(Collection entries)

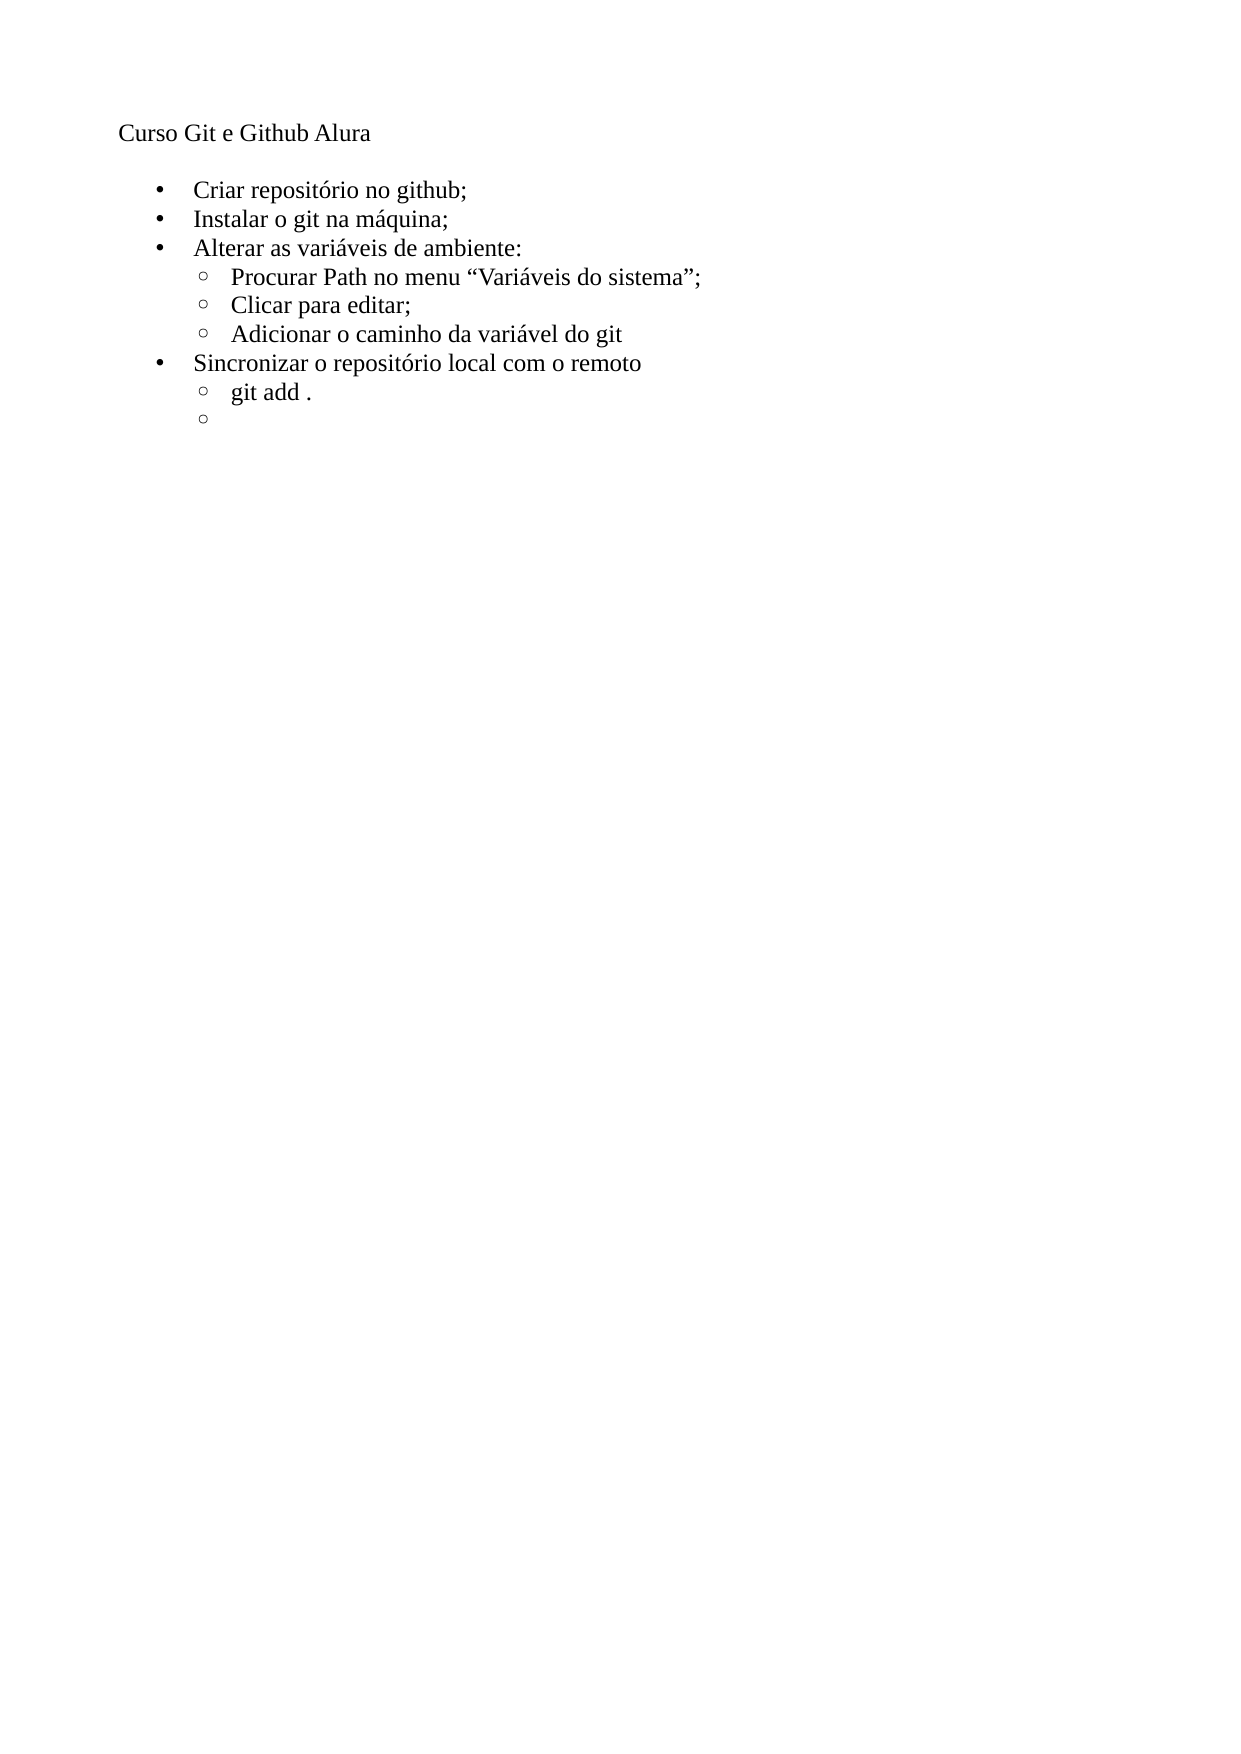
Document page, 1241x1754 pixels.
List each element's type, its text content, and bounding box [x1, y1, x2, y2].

list Criar repositório no github; [156, 176, 1122, 204]
list Procurar Path no menu “Variáveis do sistema”; [193, 262, 1122, 291]
text Curso Git e Github Alura [118, 118, 1122, 147]
list git add . [193, 377, 1122, 406]
list Clicar para editar; [193, 291, 1122, 319]
list Sincronizar o repositório local com o remoto [156, 348, 1122, 377]
list Instalar o git na máquina; [156, 204, 1122, 233]
list Alterar as variáveis de ambiente: [156, 233, 1122, 262]
list Adicionar o caminho da variável do git [193, 319, 1122, 348]
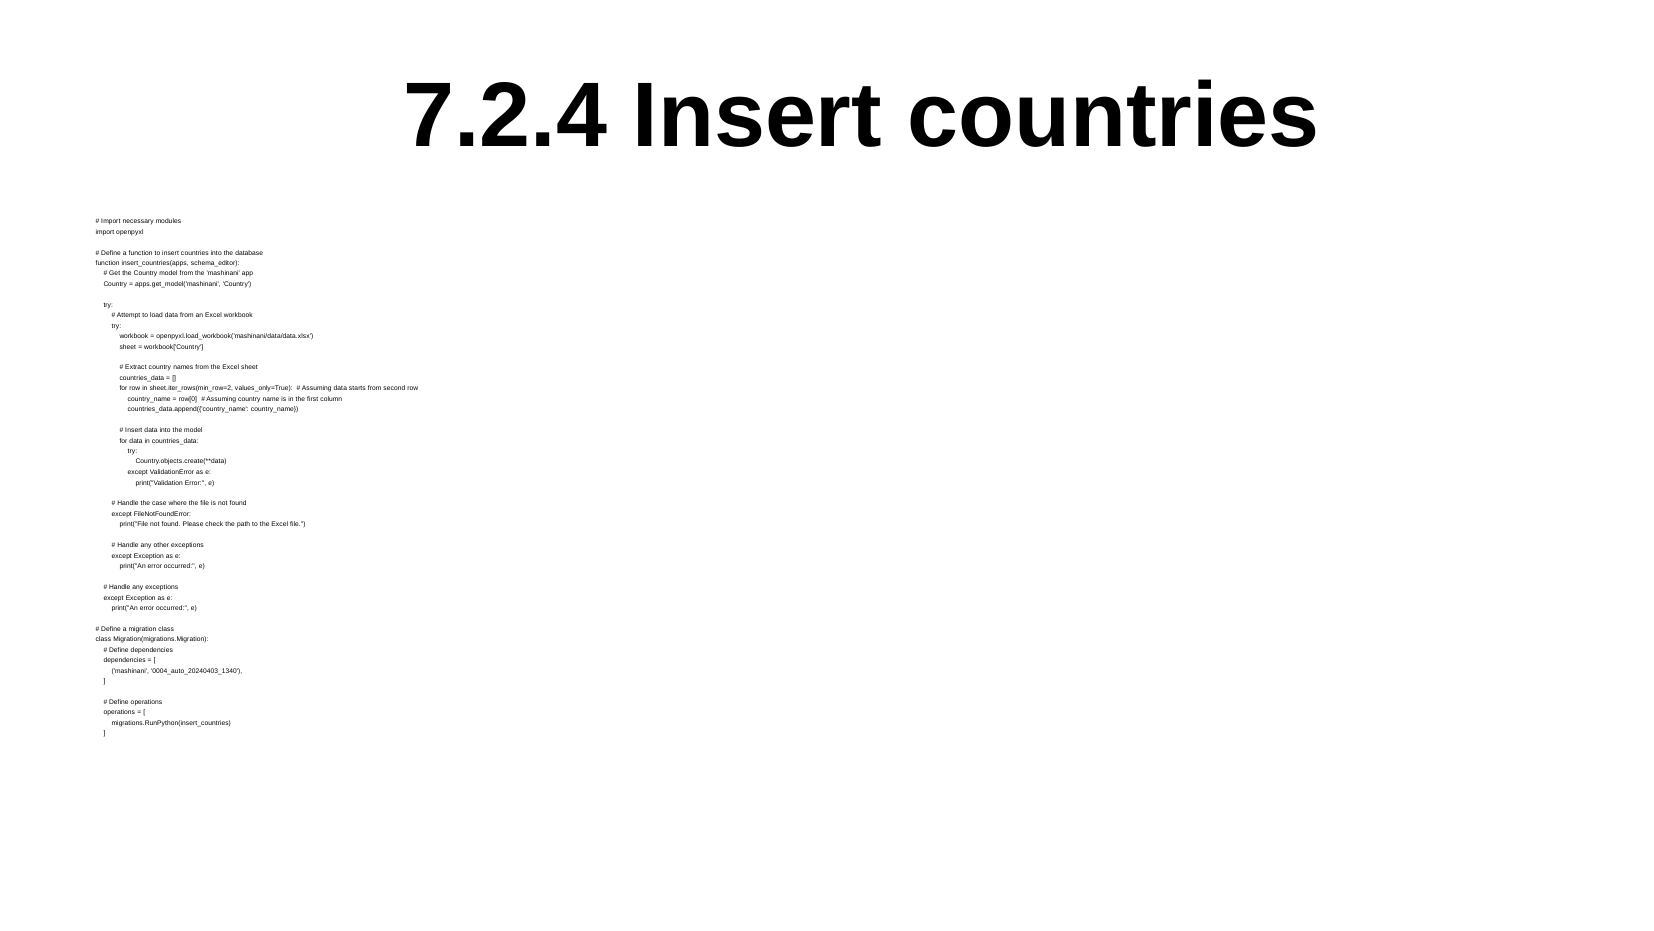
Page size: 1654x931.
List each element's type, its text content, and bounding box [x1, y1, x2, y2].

list # Import necessary modules import openpyxl # Define a function to insert countries into the database function insert_countries(apps, schema_editor): # Get the Country model from the 'mashinani' app Country = apps.get_model('mashinani', 'Country') try: # Attempt to load data from an Excel workbook try: workbook = openpyxl.load_workbook('mashinani/data/data.xlsx') sheet = workbook['Country'] # Extract country names from the Excel sheet countries_data = [] for row in sheet.iter_rows(min_row=2, values_only=True): # Assuming data starts from second row country_name = row[0] # Assuming country name is in the first column countries_data.append({'country_name': country_name}) # Insert data into the model for data in countries_data: try: Country.objects.create(**data) except ValidationError as e: print("Validation Error:", e) # Handle the case where the file is not found except FileNotFoundError: print("File not found. Please check the path to the Excel file.") # Handle any other exceptions except Exception as e: print("An error occurred:", e) # Handle any exceptions except Exception as e: print("An error occurred:", e) # Define a migration class class Migration(migrations.Migration): # Define dependencies dependencies = [ ('mashinani', '0004_auto_20240403_1340'), ] # Define operations operations = [ migrations.RunPython(insert_countries) ] [88, 217, 1577, 758]
title 7.2.4 Insert countries [82, 12, 1571, 218]
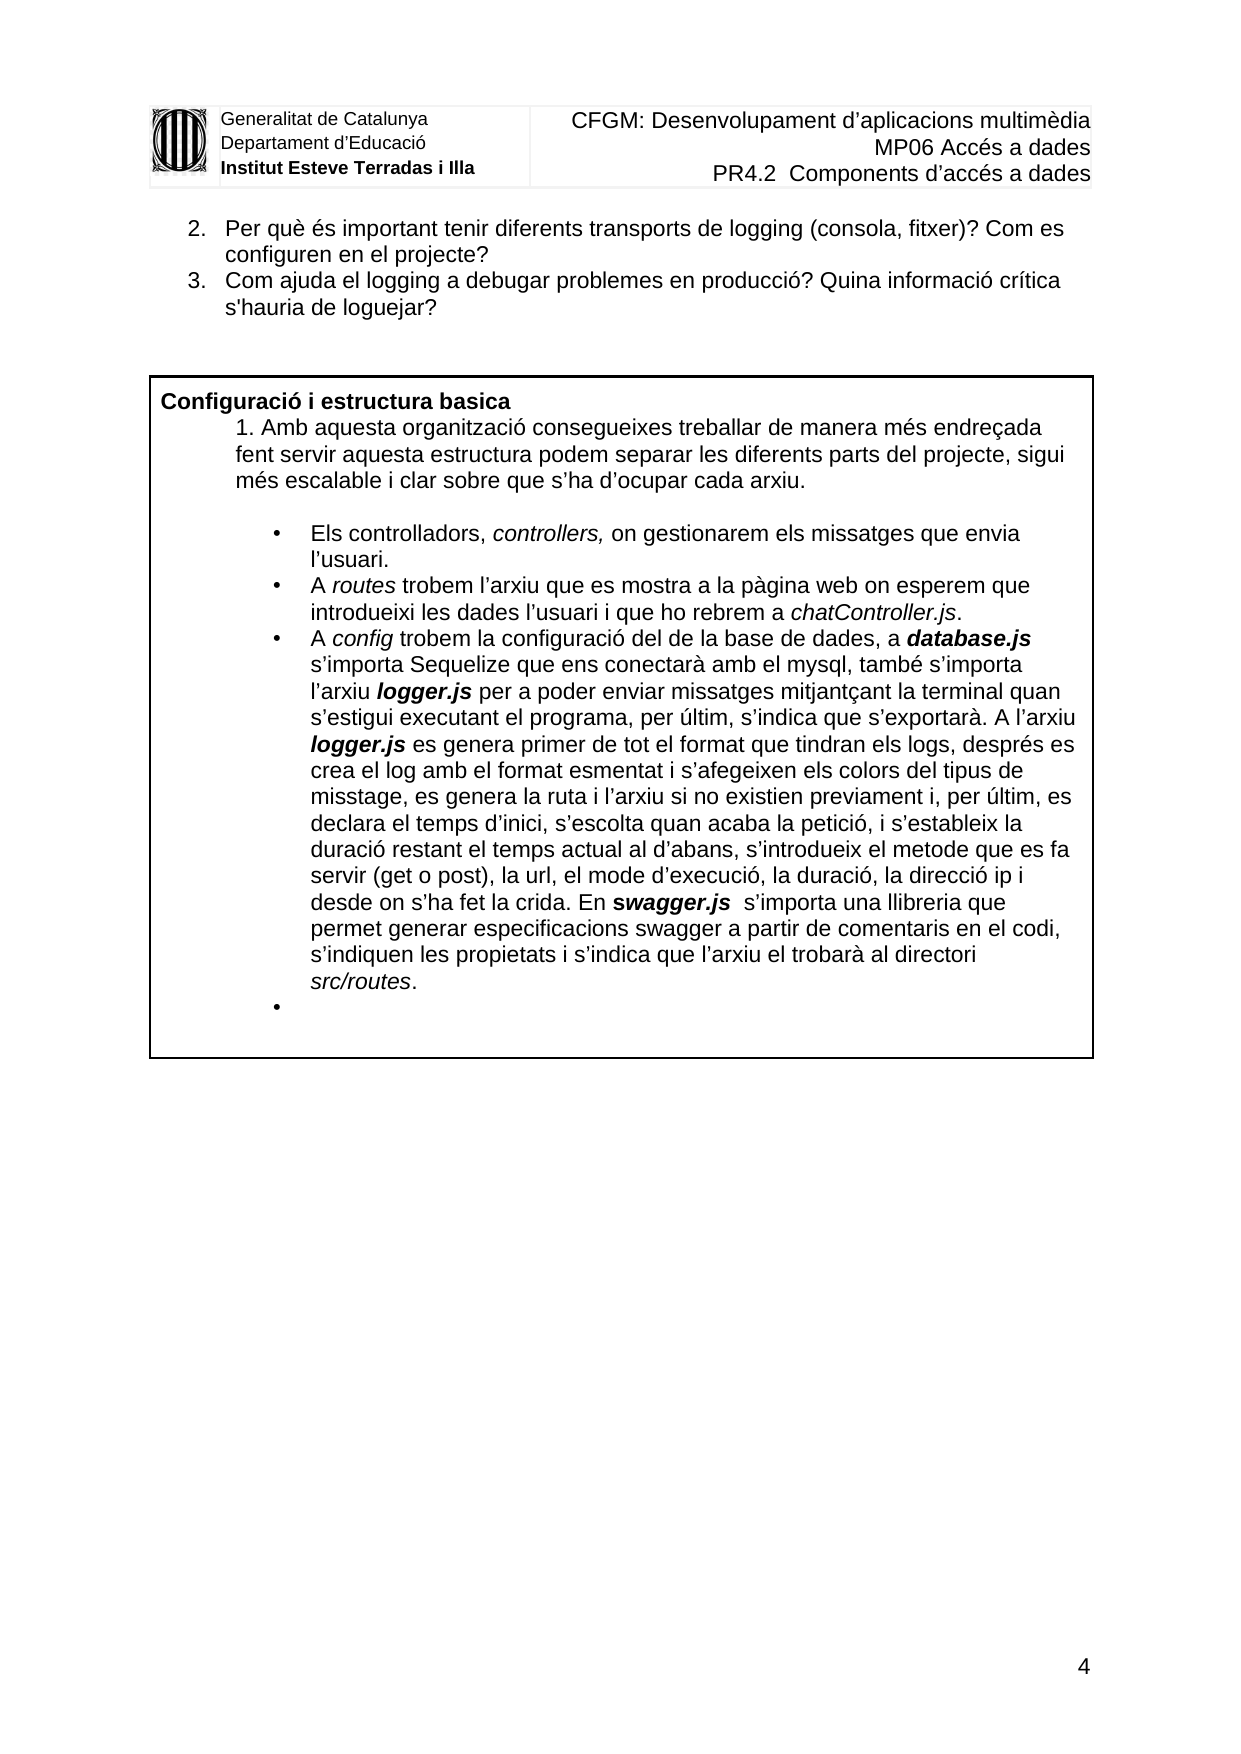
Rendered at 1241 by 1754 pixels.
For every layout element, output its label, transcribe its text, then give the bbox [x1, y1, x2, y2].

▸ ASSIGNED TASK: Return every line from the entries above that contains the word "pixels".

▸ ANSWER BOX:
Document page, 1241x1754 pixels.
Rendered at 1241 by 1754 pixels.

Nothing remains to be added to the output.